ШЕЛ ОКТЯБРЬ 1993 ГОДА.
Не прошло еще и двух полных лет демократического развития суверенной
России, а в центре Москвы уже били танки.
Где-то в темном кабинете, откуда истерически звал на помощь Руцкой,
среди вороха разбросанных по столу бумаг, лежал приказ об аресте и расстреле
президента Ельцина, об аресте всех членов его семьи в лучшем духе старых
коммунистических традиций.
Сквозь треск помех работающей на прием рации прозвучал знакомый голос:
"Руцкой, сдавайся!".
Бывший вице-президент всхлипнул в микрофон: "А если сдамся, то
расстреляете? А? Убьете?".
"Там посмотрим, - сказал голос. - Что с таким пидаром и козлом делать?

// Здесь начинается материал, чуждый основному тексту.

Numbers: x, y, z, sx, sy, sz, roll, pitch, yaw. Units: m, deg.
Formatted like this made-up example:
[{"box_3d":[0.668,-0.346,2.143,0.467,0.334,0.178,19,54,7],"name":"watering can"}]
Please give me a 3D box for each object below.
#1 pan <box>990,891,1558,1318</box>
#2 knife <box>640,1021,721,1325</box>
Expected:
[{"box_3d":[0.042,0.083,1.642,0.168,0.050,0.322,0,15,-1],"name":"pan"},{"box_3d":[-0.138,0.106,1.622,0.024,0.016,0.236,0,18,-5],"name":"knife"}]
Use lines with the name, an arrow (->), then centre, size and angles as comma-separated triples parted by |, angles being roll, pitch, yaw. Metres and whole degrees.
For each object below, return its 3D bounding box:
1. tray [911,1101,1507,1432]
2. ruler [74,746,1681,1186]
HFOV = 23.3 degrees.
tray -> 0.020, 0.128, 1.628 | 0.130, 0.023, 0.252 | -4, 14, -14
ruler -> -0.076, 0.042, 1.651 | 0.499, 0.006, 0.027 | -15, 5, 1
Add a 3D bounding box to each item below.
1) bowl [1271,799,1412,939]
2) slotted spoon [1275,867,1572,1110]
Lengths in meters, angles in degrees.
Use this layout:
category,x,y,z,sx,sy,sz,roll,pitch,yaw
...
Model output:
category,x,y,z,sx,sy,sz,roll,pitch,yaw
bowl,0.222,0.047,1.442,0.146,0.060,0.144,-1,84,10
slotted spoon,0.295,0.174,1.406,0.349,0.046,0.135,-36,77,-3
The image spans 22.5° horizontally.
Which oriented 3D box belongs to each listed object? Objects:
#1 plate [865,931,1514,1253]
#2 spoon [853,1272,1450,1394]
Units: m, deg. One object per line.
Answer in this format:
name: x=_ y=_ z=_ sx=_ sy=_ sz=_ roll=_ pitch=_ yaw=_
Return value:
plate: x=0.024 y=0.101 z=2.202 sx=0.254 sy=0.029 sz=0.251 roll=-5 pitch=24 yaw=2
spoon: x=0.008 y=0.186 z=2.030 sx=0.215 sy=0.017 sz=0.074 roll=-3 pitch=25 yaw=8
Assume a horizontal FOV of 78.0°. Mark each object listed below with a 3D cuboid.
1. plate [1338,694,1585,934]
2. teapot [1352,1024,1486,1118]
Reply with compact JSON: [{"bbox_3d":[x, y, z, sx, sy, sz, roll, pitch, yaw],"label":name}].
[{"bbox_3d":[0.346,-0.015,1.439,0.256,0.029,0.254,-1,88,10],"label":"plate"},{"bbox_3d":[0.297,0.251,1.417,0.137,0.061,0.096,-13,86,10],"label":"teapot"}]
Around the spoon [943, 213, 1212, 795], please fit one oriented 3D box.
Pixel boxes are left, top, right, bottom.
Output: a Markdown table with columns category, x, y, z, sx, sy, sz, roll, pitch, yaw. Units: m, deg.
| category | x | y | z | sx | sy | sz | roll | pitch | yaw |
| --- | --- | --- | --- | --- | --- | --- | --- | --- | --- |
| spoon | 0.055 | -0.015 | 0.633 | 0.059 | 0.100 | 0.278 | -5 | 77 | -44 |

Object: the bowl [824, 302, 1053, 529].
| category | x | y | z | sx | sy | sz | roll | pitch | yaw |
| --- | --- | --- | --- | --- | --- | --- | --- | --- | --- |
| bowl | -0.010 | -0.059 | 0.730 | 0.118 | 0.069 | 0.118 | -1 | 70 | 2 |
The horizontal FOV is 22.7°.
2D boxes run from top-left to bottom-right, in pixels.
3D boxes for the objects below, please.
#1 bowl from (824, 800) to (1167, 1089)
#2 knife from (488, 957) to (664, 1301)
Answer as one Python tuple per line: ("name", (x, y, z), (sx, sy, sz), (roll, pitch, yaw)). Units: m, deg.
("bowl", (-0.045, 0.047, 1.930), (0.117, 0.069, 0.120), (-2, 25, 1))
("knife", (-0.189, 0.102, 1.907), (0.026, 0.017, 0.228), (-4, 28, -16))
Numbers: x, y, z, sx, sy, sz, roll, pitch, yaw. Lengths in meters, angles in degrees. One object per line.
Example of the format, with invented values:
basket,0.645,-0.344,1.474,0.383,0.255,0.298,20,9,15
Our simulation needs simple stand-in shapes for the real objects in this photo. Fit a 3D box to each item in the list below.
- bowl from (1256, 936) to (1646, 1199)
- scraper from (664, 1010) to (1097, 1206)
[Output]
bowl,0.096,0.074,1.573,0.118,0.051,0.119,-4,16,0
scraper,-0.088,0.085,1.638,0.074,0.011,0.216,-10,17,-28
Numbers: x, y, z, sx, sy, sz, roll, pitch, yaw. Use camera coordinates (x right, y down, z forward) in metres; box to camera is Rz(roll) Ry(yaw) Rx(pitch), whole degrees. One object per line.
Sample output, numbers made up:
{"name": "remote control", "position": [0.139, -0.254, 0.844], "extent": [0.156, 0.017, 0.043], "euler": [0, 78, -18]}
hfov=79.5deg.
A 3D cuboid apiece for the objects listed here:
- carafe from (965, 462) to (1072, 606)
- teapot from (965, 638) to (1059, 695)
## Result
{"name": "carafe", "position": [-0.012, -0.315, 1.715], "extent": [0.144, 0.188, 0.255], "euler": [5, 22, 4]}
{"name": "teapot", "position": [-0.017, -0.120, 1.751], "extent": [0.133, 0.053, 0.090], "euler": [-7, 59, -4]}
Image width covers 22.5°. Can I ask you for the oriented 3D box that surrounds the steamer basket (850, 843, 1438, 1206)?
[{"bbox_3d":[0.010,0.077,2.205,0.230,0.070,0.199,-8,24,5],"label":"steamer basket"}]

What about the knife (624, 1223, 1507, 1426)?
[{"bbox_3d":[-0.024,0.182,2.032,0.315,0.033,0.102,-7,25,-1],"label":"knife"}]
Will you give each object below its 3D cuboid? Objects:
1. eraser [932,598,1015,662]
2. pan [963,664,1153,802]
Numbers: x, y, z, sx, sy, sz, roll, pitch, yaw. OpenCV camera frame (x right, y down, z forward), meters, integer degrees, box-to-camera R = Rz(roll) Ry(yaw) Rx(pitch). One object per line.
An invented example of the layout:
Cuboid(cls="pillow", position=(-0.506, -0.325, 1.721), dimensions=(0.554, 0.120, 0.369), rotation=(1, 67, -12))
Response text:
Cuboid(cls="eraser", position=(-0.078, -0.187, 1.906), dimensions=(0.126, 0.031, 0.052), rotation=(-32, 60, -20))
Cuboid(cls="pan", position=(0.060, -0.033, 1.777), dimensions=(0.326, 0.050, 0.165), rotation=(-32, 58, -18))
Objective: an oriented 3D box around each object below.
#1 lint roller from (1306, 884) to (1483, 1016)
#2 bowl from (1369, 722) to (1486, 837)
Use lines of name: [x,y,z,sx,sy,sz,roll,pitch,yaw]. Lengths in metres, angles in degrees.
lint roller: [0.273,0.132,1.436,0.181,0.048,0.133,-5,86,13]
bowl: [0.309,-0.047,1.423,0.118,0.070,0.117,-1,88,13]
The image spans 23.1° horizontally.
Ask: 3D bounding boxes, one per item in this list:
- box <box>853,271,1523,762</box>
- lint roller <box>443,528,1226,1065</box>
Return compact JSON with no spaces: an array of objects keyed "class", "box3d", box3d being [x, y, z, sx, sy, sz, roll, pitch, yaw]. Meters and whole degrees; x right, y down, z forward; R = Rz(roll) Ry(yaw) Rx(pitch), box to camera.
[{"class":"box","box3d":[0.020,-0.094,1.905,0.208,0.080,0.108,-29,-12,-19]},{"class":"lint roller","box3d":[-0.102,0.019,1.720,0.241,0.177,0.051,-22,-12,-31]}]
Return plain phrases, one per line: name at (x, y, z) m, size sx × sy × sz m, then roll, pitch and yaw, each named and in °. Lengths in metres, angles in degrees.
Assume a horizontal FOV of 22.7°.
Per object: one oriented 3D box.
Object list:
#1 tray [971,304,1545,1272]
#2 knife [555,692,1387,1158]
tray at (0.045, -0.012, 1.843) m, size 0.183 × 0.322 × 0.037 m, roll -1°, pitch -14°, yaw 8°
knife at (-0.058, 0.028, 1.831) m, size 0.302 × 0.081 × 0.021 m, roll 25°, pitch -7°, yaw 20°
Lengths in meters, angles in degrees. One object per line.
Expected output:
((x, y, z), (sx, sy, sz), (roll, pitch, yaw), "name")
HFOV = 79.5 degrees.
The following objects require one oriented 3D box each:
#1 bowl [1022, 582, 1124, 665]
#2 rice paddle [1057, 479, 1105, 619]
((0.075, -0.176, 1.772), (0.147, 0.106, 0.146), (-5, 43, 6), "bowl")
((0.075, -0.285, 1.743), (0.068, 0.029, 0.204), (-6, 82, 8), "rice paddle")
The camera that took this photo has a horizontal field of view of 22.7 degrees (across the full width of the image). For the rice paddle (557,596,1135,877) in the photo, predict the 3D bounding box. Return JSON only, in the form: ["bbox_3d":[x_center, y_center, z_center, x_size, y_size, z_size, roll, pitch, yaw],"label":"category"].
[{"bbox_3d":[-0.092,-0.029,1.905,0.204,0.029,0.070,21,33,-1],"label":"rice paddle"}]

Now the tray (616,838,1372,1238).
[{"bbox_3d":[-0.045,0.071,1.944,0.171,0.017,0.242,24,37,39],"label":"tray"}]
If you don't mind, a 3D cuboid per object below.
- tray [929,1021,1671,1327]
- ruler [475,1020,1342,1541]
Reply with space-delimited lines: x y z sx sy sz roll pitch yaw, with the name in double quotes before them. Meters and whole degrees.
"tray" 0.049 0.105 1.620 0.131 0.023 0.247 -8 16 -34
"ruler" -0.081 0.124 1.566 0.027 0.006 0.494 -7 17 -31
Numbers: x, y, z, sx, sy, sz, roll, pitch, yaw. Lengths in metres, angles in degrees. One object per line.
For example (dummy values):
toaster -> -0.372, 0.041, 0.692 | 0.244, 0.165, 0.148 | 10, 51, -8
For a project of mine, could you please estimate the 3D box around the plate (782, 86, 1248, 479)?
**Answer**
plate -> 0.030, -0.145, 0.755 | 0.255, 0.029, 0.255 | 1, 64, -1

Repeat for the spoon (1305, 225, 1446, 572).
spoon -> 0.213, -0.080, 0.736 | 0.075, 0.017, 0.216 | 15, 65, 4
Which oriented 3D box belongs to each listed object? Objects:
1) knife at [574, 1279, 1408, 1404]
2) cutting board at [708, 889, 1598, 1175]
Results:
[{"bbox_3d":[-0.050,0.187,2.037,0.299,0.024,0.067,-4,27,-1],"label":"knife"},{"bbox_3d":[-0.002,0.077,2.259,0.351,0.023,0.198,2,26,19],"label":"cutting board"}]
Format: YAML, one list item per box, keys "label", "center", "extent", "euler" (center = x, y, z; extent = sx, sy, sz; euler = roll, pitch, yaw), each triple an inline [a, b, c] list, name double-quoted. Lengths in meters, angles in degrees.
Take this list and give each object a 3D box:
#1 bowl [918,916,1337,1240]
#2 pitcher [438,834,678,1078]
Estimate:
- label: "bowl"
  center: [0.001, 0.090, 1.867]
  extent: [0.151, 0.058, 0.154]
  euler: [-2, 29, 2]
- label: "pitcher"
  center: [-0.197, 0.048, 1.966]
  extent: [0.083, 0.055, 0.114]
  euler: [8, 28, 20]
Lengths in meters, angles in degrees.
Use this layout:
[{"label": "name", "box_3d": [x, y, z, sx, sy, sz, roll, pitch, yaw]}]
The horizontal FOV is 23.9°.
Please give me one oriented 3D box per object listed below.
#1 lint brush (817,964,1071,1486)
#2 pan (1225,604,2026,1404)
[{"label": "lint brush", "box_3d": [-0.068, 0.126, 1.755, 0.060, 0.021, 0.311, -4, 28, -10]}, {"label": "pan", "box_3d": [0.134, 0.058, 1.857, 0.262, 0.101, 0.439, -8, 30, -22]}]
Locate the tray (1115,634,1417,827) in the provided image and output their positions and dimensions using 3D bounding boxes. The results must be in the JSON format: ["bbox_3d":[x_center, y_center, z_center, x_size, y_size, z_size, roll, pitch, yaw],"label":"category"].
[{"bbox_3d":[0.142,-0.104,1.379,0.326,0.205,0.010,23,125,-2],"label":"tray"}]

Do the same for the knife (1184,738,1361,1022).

Ты же застрелиться обещал".
"X... вам! - зло завопил Руцкой. - Не дождетесь, е... вашу мать, чтобы
я застрелился. Я еще всю правду расскажу про вас всех!"
Вместо ответа из рации неожиданно грянула песня: "Дождливым вечером,
вечером, вечером, когда пилотам, прямо скажем, делать нечего..." Слезы текли
по щекам Руцкого.
"Виктор, - продолжал он истерически кричать в микрофон, - ты меня
слышишь, е... твою мать?! Ты за все мне ответишь, тварь!"
"Отвечу, - согласился голос. - Ты выйди, дурак, на балкон. Там 10
дивизий, которых ты ждешь, пришли к тебе присягать. Долго они ждать будут?
Давай, сдавайся. Мы знаем, где ты сидишь. Сейчас из танка тебя приголубим
так, что и хоронить будет нечего. Ты понял?".
Неожиданно ожил стоявший на полу селектор. Голос Сергея Парфенова, как
всегда, спокойный, доложил: "Альфа" в здании".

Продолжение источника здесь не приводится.